Problem
How do the lines below between the ones holding "Identify the document" and "text U kunt de", inclusive, read? Give them again exactly, with no other lines.

Records
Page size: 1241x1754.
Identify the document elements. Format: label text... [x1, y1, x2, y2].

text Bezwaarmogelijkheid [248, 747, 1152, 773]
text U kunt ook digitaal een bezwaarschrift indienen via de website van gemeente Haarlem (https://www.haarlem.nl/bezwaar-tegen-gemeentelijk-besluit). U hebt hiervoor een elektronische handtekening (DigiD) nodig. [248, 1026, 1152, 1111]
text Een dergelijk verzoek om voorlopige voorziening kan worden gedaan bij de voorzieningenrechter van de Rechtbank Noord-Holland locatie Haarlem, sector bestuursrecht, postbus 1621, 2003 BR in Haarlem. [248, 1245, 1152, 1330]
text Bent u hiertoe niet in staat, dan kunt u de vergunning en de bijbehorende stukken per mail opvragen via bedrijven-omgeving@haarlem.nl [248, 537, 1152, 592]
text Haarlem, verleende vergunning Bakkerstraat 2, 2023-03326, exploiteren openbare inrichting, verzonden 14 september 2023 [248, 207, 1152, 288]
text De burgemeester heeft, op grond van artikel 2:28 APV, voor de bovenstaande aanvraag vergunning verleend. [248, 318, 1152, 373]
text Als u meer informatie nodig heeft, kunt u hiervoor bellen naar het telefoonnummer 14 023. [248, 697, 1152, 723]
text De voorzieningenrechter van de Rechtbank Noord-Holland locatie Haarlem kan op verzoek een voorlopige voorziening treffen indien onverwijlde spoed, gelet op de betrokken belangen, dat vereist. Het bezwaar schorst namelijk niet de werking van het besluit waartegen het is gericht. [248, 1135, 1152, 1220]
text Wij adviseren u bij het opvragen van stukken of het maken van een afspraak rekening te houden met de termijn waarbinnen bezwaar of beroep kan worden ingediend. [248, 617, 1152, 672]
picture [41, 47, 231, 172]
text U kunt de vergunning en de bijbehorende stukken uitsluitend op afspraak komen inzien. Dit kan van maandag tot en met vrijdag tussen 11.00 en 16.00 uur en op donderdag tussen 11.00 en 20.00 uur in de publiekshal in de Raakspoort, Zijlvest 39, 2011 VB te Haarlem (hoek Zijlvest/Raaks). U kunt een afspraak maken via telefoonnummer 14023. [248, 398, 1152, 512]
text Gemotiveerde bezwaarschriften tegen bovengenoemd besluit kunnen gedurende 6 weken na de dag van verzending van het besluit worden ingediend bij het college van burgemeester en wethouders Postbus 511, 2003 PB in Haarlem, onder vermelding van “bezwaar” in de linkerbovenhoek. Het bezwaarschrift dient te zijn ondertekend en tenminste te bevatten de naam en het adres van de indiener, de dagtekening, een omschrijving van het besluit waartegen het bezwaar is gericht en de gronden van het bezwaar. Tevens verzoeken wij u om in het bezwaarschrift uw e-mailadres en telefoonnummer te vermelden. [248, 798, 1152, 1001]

Exercise solution
Identify the document elements. Format: label text... [x1, y1, x2, y2].

text Bezwaarmogelijkheid [248, 747, 1152, 773]
text U kunt ook digitaal een bezwaarschrift indienen via de website van gemeente Haarlem (https://www.haarlem.nl/bezwaar-tegen-gemeentelijk-besluit). U hebt hiervoor een elektronische handtekening (DigiD) nodig. [248, 1026, 1152, 1111]
text Een dergelijk verzoek om voorlopige voorziening kan worden gedaan bij de voorzieningenrechter van de Rechtbank Noord-Holland locatie Haarlem, sector bestuursrecht, postbus 1621, 2003 BR in Haarlem. [248, 1245, 1152, 1330]
text Bent u hiertoe niet in staat, dan kunt u de vergunning en de bijbehorende stukken per mail opvragen via bedrijven-omgeving@haarlem.nl [248, 537, 1152, 592]
text Haarlem, verleende vergunning Bakkerstraat 2, 2023-03326, exploiteren openbare inrichting, verzonden 14 september 2023 [248, 207, 1152, 288]
text De burgemeester heeft, op grond van artikel 2:28 APV, voor de bovenstaande aanvraag vergunning verleend. [248, 318, 1152, 373]
text Als u meer informatie nodig heeft, kunt u hiervoor bellen naar het telefoonnummer 14 023. [248, 697, 1152, 723]
text De voorzieningenrechter van de Rechtbank Noord-Holland locatie Haarlem kan op verzoek een voorlopige voorziening treffen indien onverwijlde spoed, gelet op de betrokken belangen, dat vereist. Het bezwaar schorst namelijk niet de werking van het besluit waartegen het is gericht. [248, 1135, 1152, 1220]
text Wij adviseren u bij het opvragen van stukken of het maken van een afspraak rekening te houden met de termijn waarbinnen bezwaar of beroep kan worden ingediend. [248, 617, 1152, 672]
picture [41, 47, 231, 172]
text U kunt de vergunning en de bijbehorende stukken uitsluitend op afspraak komen inzien. Dit kan van maandag tot en met vrijdag tussen 11.00 en 16.00 uur en op donderdag tussen 11.00 en 20.00 uur in de publiekshal in de Raakspoort, Zijlvest 39, 2011 VB te Haarlem (hoek Zijlvest/Raaks). U kunt een afspraak maken via telefoonnummer 14023. [248, 398, 1152, 512]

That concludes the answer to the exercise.